“言決,葉冕遲早都是要知道的。”傅黎歡明白厲言決在拒絕什麼,他不想要讓葉冕知道他曾經經曆過了什麼。
可這些事情,葉冕遲早都是會知道的。
葉冕聽著兩人的對話,她心裏明白,他們之間有很多事情瞞著她,她有預感,那些事情都是關於五年來,厲言決的生活。
“我不會走的。”葉冕糾.纏著厲言決,眼睛裏滿是堅定。
厲言決心裏微微一沉,他看著葉冕,蒼白的唇色輕啟出聲,“冕兒。”
“我們快走吧。”厲言決的臉色又難看了幾分,葉冕連忙阻止了厲言決的下文,和傅黎歡幾人將厲言決送到了浮葉別墅。
回到別墅的時候,厲言決已經陷入了沉重的昏迷之中,葉冕一個人搬不動厲言決,隻好吩咐李叔來幫她。
李叔瞧著厲言決的模樣就知道發生了什麼事,他什麼都沒問,直接將人扶上了二樓。
夜白還沒有來,傅黎歡吩咐過,隻能讓夜白來診治,而且不能把消息泄露出去,夜白還沒來,,葉冕急得如同熱鍋上的螞蟻不知所措。
幾分鍾後,就在葉冕瞻前顧後的時候,別墅外終於傳來了顧以修的聲音,“夜白,快。”
葉冕立馬從沙發上彈跳起來,緊接著就看到顧以修帶著一名男子踏進了浮葉別墅裏,男子看到了葉冕,禮貌性的點了點頭,然後往二樓的方向而去。

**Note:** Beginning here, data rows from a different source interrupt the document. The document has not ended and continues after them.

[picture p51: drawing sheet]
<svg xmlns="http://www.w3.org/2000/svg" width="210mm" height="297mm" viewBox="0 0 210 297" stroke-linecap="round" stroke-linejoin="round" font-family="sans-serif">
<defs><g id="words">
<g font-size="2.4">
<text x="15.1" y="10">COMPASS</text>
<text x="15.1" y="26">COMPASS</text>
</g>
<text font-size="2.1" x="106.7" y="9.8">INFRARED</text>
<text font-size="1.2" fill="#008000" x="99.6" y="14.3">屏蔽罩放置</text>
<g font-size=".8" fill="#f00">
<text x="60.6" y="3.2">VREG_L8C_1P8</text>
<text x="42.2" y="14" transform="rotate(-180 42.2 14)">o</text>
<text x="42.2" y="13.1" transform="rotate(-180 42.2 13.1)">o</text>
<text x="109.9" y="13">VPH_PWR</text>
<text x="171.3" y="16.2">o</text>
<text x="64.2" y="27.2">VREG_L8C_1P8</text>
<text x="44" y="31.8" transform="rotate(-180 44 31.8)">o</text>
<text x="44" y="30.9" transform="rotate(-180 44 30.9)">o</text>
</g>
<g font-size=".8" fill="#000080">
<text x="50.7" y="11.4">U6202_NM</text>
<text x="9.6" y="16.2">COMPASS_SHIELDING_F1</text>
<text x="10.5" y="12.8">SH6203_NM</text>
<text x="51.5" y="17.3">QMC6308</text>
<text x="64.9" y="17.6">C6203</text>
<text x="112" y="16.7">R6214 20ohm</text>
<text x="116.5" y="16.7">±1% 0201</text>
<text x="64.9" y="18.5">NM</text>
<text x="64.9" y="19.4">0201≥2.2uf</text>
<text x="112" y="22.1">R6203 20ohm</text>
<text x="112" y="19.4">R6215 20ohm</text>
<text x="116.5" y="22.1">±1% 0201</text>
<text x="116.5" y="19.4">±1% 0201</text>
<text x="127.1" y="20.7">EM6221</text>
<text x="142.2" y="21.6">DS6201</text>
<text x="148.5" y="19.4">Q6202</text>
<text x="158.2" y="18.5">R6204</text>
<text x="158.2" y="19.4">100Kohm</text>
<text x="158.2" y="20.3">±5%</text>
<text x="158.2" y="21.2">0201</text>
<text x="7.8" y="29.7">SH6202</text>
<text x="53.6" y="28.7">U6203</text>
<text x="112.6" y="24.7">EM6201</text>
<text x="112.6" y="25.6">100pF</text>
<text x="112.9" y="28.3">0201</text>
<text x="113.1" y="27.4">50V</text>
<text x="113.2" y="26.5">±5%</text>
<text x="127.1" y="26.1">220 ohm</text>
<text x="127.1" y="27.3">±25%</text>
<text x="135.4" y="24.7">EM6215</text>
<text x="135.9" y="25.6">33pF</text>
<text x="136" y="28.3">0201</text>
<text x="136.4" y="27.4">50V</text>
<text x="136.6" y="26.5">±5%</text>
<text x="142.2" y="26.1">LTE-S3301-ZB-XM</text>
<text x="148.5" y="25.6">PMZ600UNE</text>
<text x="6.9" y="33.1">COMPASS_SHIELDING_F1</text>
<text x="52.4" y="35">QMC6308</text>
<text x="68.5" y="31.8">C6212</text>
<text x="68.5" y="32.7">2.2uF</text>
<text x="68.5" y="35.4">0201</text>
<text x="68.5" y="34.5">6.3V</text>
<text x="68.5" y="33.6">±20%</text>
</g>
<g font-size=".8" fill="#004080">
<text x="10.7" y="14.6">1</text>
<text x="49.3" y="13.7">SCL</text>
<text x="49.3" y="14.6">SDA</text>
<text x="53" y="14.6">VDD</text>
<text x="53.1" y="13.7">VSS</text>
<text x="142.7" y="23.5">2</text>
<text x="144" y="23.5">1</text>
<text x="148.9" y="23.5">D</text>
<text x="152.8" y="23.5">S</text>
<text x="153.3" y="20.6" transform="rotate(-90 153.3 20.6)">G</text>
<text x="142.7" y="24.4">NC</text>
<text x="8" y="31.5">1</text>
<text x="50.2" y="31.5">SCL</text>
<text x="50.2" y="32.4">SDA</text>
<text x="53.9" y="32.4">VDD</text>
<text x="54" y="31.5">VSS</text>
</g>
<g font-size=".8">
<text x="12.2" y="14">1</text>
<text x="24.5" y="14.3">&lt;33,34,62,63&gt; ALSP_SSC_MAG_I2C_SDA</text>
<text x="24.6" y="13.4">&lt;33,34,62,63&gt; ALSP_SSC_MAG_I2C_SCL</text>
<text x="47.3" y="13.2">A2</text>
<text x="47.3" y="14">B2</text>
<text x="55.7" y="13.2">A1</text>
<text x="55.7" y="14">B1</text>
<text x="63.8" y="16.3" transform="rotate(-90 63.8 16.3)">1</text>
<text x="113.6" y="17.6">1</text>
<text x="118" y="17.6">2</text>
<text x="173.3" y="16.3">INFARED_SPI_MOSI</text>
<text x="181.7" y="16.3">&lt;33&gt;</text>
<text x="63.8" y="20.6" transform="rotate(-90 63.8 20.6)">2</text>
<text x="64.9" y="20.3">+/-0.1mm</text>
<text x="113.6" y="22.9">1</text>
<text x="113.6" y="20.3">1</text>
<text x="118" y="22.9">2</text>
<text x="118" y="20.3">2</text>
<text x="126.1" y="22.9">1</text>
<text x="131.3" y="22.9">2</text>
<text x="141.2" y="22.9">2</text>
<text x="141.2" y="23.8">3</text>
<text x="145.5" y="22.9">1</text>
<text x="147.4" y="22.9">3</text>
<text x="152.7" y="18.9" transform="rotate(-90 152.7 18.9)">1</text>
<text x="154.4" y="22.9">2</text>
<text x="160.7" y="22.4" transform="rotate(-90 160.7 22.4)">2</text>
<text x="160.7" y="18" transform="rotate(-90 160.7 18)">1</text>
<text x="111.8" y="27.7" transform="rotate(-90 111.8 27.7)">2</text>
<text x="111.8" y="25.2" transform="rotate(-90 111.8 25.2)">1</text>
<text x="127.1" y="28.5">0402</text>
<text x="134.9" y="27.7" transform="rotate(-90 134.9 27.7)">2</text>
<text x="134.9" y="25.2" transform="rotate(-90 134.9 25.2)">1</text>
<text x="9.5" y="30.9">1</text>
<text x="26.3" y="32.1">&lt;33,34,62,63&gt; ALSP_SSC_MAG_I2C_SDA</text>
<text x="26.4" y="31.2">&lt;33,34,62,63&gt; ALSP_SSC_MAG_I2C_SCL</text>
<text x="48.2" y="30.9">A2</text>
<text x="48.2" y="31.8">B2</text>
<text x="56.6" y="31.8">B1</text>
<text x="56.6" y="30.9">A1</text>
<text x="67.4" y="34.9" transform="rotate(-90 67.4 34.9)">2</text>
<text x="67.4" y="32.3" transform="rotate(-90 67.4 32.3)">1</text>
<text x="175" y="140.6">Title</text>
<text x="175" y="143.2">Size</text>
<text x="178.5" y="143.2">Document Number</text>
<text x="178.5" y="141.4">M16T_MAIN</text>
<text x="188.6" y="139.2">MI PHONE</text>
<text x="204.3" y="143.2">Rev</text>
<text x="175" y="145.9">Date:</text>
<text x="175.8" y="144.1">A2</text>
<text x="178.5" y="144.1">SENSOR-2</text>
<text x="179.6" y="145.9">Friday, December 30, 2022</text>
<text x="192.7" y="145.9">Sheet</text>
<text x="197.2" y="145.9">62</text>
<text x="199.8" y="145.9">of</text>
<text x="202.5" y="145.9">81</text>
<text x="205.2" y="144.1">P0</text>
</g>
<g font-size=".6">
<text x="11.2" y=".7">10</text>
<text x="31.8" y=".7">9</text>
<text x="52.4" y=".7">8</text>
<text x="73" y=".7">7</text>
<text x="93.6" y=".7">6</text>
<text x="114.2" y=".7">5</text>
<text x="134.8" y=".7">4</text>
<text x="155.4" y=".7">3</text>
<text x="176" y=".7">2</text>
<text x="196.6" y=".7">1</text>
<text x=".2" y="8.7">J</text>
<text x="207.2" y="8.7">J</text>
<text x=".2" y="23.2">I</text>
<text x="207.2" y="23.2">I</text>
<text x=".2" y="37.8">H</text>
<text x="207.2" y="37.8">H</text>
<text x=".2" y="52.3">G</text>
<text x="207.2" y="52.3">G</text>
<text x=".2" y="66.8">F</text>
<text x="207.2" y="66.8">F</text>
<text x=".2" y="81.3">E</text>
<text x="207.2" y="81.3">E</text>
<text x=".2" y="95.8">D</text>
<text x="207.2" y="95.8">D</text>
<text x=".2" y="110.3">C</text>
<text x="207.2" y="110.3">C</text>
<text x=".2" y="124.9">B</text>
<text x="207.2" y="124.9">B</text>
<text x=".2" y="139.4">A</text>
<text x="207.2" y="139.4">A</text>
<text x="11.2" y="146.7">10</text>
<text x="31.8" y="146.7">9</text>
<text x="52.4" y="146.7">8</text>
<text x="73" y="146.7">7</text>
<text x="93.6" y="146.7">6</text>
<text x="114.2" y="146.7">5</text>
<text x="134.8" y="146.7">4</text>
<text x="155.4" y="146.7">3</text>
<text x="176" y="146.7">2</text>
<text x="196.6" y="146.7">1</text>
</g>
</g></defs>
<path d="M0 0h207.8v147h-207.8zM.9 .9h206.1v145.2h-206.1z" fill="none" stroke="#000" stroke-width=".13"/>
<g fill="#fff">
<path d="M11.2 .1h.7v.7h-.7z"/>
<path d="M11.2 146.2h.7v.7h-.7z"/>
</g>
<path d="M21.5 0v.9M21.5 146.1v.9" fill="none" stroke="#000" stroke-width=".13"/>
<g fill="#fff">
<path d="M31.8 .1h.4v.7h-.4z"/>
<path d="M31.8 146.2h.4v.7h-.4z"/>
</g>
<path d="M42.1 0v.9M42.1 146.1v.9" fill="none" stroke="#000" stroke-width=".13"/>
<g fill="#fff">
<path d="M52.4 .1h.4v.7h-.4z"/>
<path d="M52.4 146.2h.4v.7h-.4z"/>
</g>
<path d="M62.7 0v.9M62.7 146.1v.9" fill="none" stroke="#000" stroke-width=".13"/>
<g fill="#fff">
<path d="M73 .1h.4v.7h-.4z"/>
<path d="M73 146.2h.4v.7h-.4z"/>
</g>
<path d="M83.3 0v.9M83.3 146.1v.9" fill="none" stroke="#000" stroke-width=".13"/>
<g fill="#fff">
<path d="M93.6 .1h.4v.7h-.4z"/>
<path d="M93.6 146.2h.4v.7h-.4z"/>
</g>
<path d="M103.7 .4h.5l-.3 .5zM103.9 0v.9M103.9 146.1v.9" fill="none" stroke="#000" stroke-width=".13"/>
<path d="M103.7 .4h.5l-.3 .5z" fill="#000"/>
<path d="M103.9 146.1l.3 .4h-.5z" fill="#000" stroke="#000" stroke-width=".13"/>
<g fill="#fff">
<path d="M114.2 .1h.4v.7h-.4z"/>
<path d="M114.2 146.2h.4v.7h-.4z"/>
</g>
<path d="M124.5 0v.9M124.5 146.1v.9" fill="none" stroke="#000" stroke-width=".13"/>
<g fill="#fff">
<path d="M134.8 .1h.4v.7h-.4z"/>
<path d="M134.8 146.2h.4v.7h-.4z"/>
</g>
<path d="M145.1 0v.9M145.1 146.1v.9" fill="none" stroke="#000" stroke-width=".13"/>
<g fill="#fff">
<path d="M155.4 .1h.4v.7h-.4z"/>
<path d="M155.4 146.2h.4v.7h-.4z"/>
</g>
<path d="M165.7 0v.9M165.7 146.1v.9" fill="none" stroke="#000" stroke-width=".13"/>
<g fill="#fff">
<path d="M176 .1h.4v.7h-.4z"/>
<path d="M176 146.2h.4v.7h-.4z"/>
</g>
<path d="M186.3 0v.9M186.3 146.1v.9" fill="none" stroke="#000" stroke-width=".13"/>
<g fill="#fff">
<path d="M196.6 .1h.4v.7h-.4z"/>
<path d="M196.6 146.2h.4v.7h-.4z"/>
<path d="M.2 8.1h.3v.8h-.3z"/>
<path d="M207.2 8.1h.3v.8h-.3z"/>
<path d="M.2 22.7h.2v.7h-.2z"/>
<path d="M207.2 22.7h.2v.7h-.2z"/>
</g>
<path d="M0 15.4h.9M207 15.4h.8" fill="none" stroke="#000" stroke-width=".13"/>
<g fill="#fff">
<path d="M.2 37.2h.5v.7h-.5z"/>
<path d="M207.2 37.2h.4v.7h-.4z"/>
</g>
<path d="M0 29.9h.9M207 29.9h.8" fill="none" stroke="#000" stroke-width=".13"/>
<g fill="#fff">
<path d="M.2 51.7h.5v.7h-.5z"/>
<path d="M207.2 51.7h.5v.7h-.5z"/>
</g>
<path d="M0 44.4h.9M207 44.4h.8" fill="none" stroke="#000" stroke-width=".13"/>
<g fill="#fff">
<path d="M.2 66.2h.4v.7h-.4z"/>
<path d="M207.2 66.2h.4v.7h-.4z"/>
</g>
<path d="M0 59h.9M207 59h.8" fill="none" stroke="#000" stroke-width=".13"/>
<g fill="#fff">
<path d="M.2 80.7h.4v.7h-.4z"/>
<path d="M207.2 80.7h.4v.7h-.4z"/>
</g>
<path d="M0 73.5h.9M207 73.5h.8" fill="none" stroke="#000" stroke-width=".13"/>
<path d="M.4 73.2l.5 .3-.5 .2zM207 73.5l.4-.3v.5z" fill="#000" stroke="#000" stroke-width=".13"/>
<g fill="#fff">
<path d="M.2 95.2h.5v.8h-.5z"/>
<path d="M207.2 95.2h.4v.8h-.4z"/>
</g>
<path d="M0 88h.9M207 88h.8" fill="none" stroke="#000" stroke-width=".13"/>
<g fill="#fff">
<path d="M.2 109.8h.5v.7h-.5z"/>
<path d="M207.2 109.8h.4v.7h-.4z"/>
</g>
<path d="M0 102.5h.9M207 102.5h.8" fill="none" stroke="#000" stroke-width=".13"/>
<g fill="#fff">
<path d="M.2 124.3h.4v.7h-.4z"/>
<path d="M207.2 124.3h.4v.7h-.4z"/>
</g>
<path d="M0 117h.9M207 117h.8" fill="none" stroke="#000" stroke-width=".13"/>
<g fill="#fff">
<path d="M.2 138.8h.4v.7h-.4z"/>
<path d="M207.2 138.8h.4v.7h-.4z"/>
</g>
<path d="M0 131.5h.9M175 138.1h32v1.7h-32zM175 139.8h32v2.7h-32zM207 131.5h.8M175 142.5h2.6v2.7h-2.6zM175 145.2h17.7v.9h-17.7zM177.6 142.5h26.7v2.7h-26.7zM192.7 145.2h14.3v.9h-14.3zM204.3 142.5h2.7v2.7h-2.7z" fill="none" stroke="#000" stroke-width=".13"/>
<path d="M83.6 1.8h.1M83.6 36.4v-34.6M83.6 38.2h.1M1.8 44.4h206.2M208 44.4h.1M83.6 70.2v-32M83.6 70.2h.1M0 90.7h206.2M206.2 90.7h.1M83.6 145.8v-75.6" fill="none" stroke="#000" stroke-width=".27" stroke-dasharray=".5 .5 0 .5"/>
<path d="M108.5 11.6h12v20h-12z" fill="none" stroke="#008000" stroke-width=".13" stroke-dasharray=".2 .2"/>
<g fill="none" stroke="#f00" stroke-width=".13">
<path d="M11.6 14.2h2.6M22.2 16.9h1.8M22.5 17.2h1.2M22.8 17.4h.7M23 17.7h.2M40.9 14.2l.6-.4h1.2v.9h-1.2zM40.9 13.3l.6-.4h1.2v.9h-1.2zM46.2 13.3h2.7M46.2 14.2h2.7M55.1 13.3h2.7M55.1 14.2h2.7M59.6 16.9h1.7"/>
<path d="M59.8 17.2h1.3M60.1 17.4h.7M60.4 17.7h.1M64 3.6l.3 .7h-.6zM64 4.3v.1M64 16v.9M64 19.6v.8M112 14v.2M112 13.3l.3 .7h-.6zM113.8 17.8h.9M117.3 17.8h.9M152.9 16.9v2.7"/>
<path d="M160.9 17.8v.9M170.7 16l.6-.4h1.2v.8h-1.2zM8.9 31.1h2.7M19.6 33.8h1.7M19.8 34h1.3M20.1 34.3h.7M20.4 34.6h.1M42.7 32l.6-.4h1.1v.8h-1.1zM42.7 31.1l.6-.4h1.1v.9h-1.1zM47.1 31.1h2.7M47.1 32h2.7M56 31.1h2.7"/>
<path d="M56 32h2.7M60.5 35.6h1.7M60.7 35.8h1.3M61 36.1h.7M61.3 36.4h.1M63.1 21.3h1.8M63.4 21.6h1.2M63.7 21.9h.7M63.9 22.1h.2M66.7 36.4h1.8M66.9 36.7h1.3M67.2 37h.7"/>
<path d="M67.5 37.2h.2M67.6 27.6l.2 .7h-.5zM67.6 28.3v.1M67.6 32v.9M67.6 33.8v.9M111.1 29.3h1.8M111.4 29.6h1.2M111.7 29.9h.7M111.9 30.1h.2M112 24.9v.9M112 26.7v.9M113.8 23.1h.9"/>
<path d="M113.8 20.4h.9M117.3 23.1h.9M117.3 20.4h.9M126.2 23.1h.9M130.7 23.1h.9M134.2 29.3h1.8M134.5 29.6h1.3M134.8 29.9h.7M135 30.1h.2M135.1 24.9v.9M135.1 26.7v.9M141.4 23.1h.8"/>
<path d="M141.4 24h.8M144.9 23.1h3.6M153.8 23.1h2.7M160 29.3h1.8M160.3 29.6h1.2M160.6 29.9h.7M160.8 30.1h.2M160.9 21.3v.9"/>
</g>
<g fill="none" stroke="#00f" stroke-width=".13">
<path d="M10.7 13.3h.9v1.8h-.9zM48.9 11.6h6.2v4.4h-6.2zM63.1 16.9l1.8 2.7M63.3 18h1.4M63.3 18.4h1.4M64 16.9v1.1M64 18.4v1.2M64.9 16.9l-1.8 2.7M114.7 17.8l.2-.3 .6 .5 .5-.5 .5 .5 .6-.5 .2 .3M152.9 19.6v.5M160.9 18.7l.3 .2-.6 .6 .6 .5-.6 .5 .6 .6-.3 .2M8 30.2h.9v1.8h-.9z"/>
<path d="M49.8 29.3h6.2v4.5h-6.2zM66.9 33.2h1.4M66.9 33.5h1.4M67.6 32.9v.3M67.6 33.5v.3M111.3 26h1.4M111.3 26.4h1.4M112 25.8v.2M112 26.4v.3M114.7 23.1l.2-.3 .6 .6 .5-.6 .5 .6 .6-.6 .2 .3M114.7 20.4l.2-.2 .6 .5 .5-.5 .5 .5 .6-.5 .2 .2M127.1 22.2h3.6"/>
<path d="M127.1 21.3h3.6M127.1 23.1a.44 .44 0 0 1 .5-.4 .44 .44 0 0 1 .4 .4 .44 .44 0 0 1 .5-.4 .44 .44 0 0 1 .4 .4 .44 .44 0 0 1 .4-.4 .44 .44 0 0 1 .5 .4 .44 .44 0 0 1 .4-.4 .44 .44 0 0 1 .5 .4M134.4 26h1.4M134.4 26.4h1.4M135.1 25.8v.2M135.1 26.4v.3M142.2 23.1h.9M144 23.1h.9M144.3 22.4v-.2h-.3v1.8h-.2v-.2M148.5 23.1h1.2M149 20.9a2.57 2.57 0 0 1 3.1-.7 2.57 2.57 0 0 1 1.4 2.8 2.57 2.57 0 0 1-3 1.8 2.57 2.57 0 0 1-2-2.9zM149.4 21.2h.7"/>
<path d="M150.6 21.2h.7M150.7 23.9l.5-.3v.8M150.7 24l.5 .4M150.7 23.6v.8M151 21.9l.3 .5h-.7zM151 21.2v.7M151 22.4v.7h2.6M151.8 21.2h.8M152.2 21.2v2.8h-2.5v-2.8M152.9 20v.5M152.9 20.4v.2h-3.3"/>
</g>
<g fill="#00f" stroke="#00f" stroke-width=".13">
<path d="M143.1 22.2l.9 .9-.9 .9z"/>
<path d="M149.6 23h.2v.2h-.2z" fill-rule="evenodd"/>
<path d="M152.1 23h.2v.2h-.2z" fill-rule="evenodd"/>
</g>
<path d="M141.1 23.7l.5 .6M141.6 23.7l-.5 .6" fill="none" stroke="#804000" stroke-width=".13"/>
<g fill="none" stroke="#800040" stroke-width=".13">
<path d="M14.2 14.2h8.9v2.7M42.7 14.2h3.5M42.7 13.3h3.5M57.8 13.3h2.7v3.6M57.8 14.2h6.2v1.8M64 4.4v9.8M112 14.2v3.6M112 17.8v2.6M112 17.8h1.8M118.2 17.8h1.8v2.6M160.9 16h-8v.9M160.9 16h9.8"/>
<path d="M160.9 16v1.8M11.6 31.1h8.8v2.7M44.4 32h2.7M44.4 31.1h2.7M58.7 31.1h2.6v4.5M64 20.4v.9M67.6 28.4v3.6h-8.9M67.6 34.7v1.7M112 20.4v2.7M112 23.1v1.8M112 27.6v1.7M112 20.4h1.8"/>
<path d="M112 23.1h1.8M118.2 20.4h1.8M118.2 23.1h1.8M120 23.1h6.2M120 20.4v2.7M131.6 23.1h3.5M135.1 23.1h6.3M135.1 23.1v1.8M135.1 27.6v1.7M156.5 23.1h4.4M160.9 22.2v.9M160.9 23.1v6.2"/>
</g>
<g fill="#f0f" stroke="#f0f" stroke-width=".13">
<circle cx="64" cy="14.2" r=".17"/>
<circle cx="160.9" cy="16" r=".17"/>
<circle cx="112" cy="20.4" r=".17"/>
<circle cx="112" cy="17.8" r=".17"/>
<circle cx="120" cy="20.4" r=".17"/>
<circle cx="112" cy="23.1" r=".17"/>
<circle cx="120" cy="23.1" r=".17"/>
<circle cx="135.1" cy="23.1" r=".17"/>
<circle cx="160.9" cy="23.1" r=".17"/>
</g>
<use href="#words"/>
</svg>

顧以修滿頭是汗,“總算是趕到了,葉冕,言決沒事吧。”
顧以修聽說厲言決發病的時候,嚇得臉色蒼白,連忙給夜白打去了電話,好在夜白正在臨海市,這才及時趕了過來。
葉冕急紅了眼,“我不知道,顧以修,他不會有事的,對不對。”葉冕心裏很慌,她很害怕厲言決就像五年前,厲氏夫婦一樣,離開了她。
看著葉冕那惶惶不安的情緒,顧以修說道:“放下吧,為了你,言決也不會讓自己出事的。”
顧以修剛說完就看到夜白從樓梯上下來,葉冕和顧以修兩人同時衝上前去詢問,“怎麼樣?”
夜白脫掉手中的白色塑膠手套,說道:“暫時沒什麼大礙,隻是最近太多勞累,引發了病毒,我已經給他打了一針鎮住病毒的藥。”
聽完了夜白的話,葉冕和顧以修心裏的大石頭才放下,“我能去看看他嗎?”葉冕問道。
夜白點了點頭,“可以,不過他現在需要休息,還沒有清醒過來。”
葉冕點頭表示知道了,夜白看著葉冕那匆忙上樓的背影,“修,她就是那個葉冕吧。”
夜白若有所思的看著葉冕,顧以修眼眸深邃,“是啊,言決就是栽了她的手裏。”
“你不覺得這個葉冕跟你有點像嗎?”特別是眉宇的神情,簡直和顧以修沒有什麼差別。
“你想要說什麼?”顧以修看著夜白,“或許你丟失的記憶可以從葉冕的身上找到。”夜白覺得,葉冕和顧以修有些相似之處,顧以修所遺忘的記憶,或許和葉冕有關。